Today on the Jewish calendar is the 15th of the month of Av, or Tu beAv, which in ancient times was celebrated as a festival of love. The Mishna [compendium of rabbinic discussion, ca. 200 CE] records (Ta‘anit 4:6) that young women would go out to the vineyards to dance under the full moon in white dresses, and young men would choose their wives there. 

This holiday comes after the sombre commemoration of the destruction of the Temple, from the 17th of Tammuz to the 9th of Av, and we now move into a period known as the Seven Weeks of Comfort, which bring us to the New Year. In the liturgical calendar, the prophetic reading for this Shabbat contains the line (Isaiah 49:16) where G!d declares to the people of Jerusalem that G!d’s love for us can never fail: “Behold, I have engraved you onto the palms of My hands; your walls are in front of Me always.” That verse inspired the following design:

Henna and photo by Noam Sienna, 2008



Although Tu beAv is not generally celebrated today, I thought I would share a henna-related love poem in honour of this holiday.
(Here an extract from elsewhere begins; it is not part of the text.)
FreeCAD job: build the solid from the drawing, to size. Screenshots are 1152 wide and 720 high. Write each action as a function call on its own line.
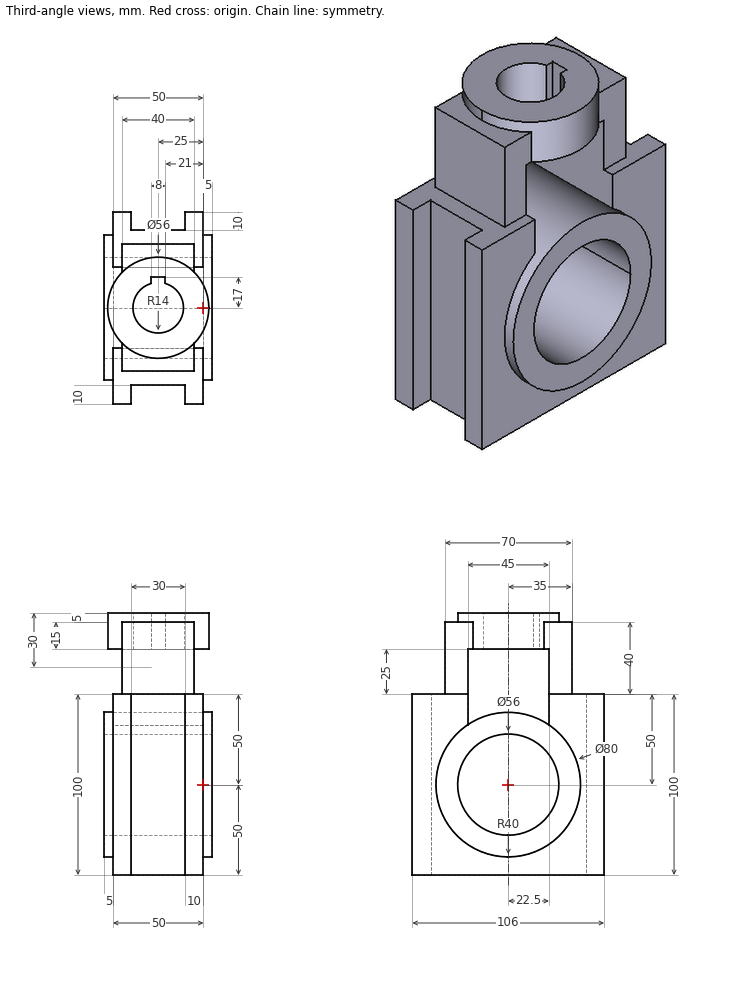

This poem was written by Shmu’el haNagid (993-1056 CE), also known as Samuel ibn Naghrilla, one of the greatest Hebrew poets of Andalusia. Not only was he an extraordinary poet and scholar, he was also an accomplished politician and military commander, serving as general of the army of Granada and vizier to the king (a rare position for a Jew, even in the Convivencia of al-Andalus).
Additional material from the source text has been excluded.